The effect of dopamine on striatopallidal to striatonigral pairs was tested in seven EGFP+/− and three EGFP+/RL connections. The control IPSC amplitude of 48 ± 15 pA (range, 6.6–107 pA) in EGFP+/− pairs was reduced by bath application of 30 μm dopamine to 18 ± 6 pA (range, 1–44 pA), representing on average a reduction to 31.7 ± 4% of control (Fig. 7). The reduction was statistically significant for each pair (Mann–Whitney U test, p < 0.03). Statistically significant reversal of the effect of dopamine was obtained with coapplication of sulpiride, which returned the IPSC amplitude to 100 ± 31% of control (Mann–Whitney U test, p < 0.031) (Fig. 7C). We also tested the effect of dopamine on transmission at the EGFP+/RL pairs (Fig. 7). The control IPSC amplitude of 21 ± 11 pA (range, 10–44 pA; n = 3) was reduced to 4 ± 1 pA (range, 3.5–5.6 pA; n = 3), representing, on average, a reduction to 33 ± 14% of control (Fig. 7A–C). The reduction was statistically significant for each pair (Mann–Whitney U test, p < 0.014). The effect of dopamine was reversed by coapplication of sulpiride to 27 ± 9 pA (range, 18 ± 36 pA), or 128 ± 30% of control, which was not significantly different from control (Mann–Whitney U test, p > 0.34) (Fig. 7).

The magnitude of the dopaminergic effect was not different between the two groups, and, for purposes of additional analysis, the data were pooled (Fig. 7C). The locus of action of the drug-induced change was analyzed as described for striatopallidal pairs. The average control failure rate was 55 ± 8%. Dopamine significantly increased the failure rate to 79 ± 6% (143% of control; Wilcoxon's t test, p < 0.009; n = 10). The mean CV (1.59 ± 0.28) was increased to 256% of control (4.08 ± 1.29; Wilcoxon's t test, p < 0.009; n = 10), and the PPR (0.56 ± 0.06) was increased to 200% of control (1.12 ± 0.08; Wilcoxon's t test, p < 0.009).

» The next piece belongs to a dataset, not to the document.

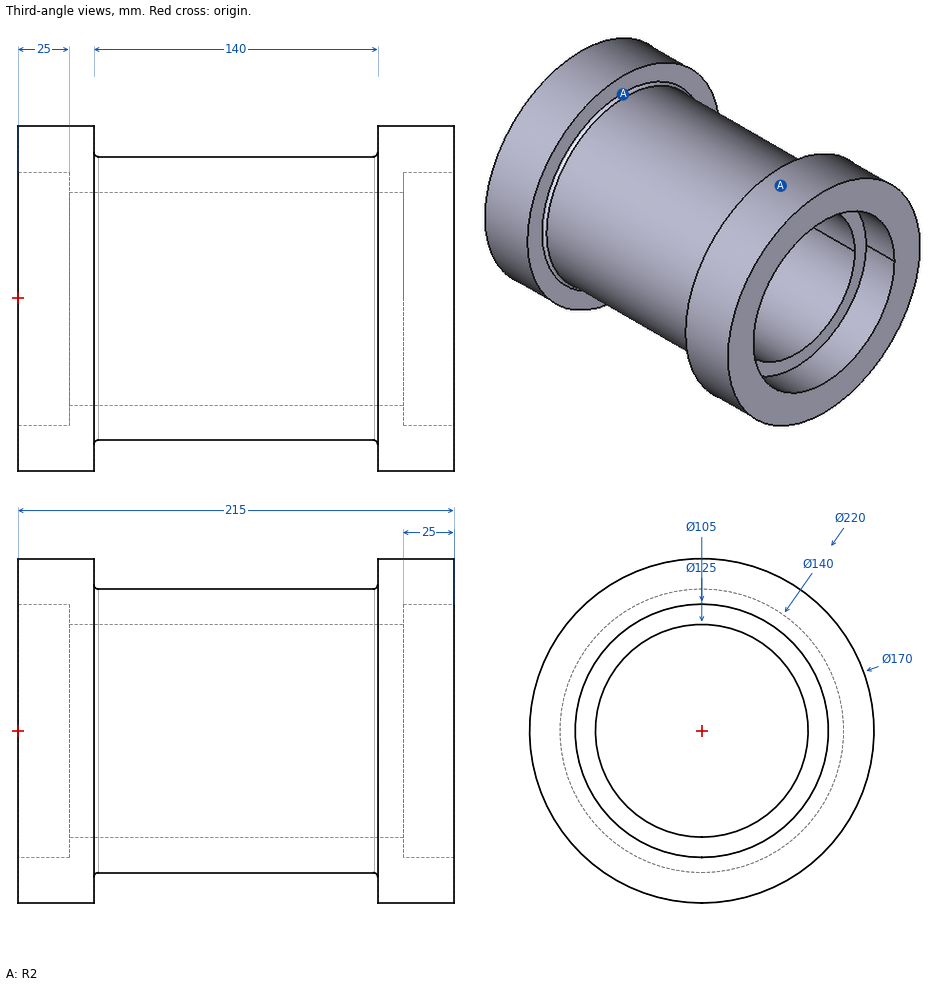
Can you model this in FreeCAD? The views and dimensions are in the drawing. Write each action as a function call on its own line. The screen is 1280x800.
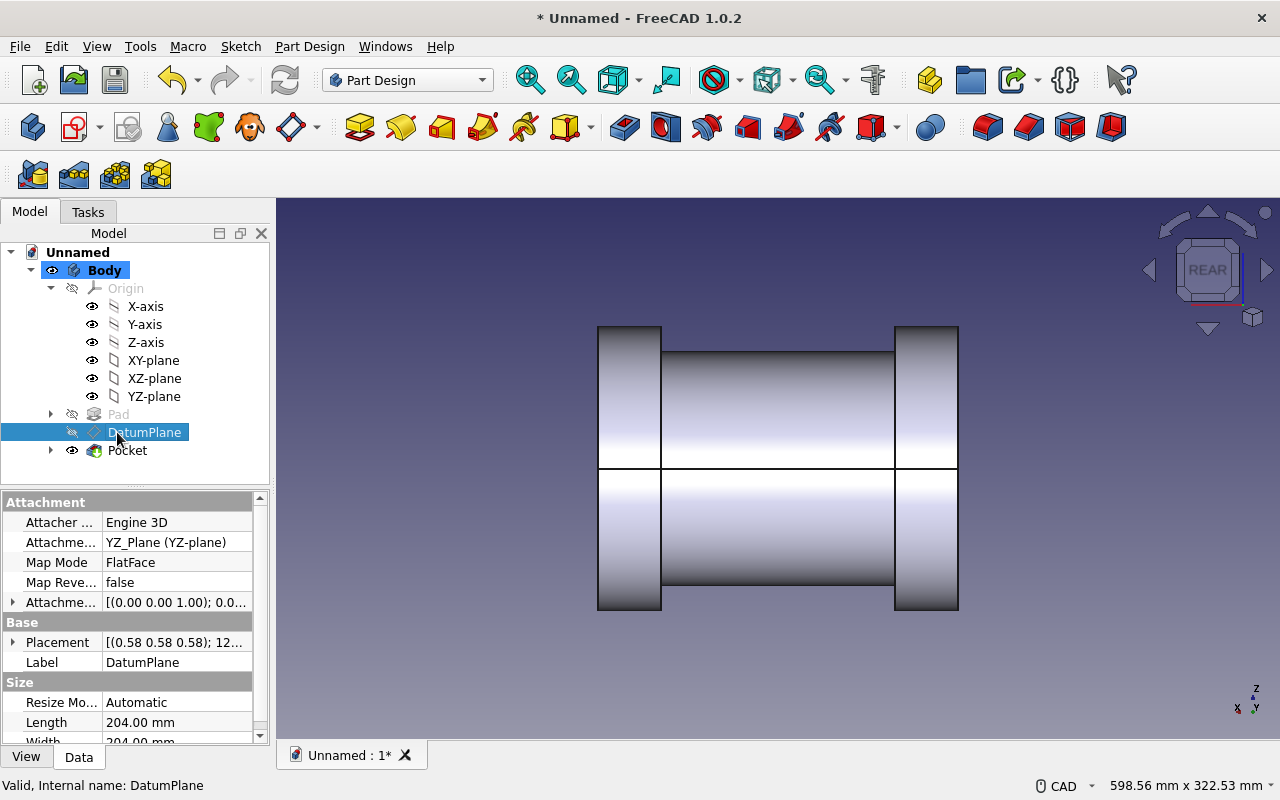
key(6)

As was the case for axon collateral synapses between striatopallidal neurons, these results demonstrate that the effect of dopamine on collateral synapses of striatopallidal neurons onto striatonigral neurons is predominantly or exclusively presynaptic.

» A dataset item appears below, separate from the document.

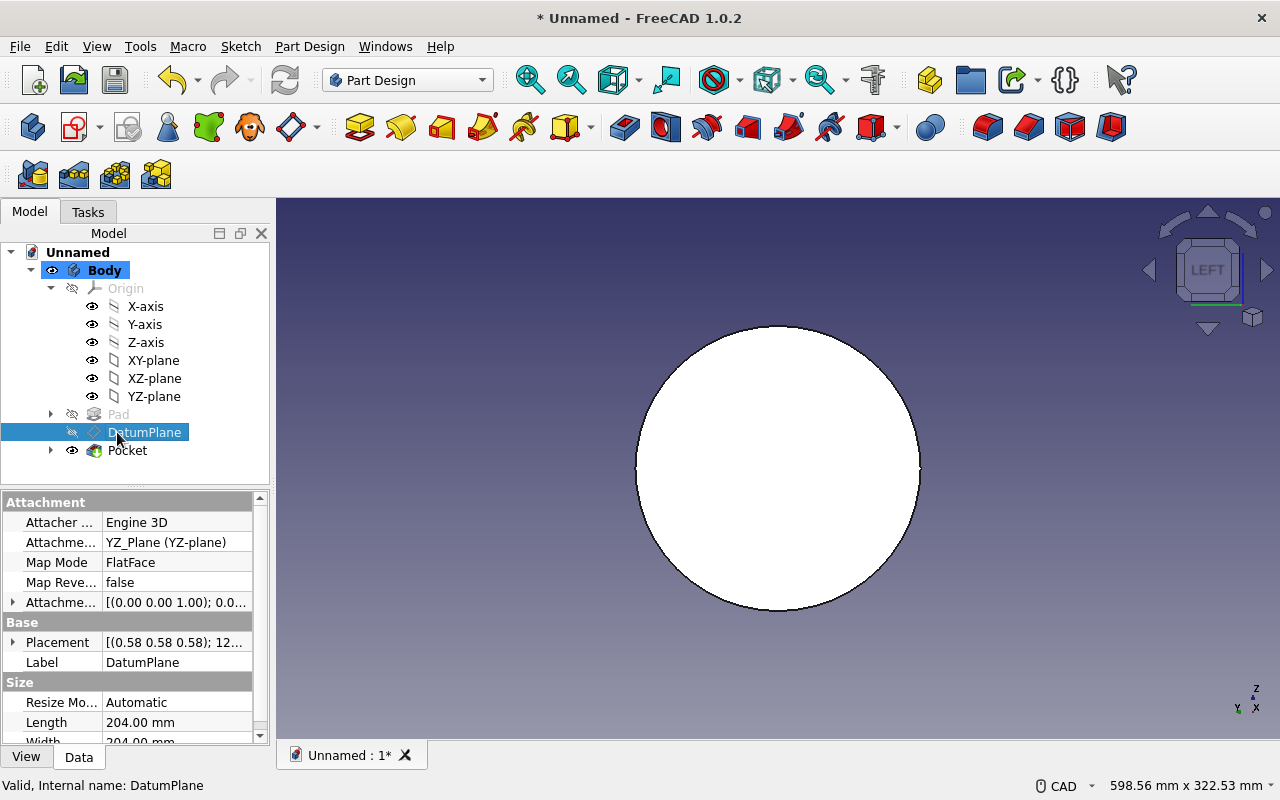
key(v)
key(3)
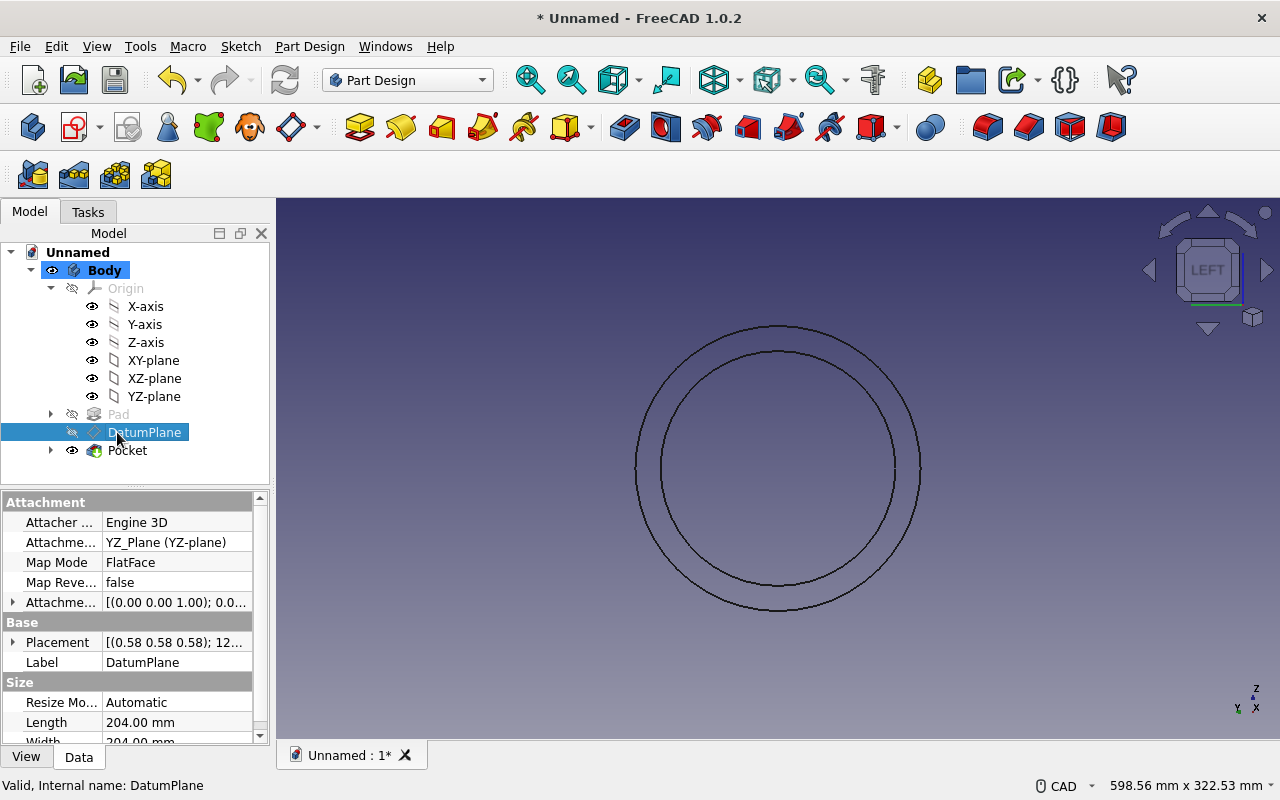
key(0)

Control experiments using paired recording from SPNs identified with RT-PCR profiling in rat brain slices

The previously described experiments are liable to three potential errors. First, it is possible that the dopaminergic regulation of synaptic transmission is altered in the transgenic animals. Second, the recordings in mice were obtained using 2 mm [Ca2+]e, which, although routinely used in in vitro experiments, is higher than the physiological concentration in vivo (0.9–1.1 mm) (Jones and Keep, 1988a,b), and this difference may significantly alter the quantitative or even qualitative properties of the effect of dopamine. Finally, it is possible that potential rapidly desensitizing effects of dopamine may have been obscured in experiments that used the relatively slow- and long-duration bath application of drugs. To address these concerns, we obtained paired whole-cell recordings from SPNs in slices from young adult rats (38–56 d old) in 1.1–1.2 mm [Ca2+]e and examined the effect of dopamine on synaptic transmission using rapid, local pressure application of dopamine (see Materials and Methods). Rapid drug application was used in all but two of these pairs, in one ENK+/SP to ENK+/SP pair and the SP+/ENK to ENK+/SP pair in which bath application of 30 μm dopamine was used (see below).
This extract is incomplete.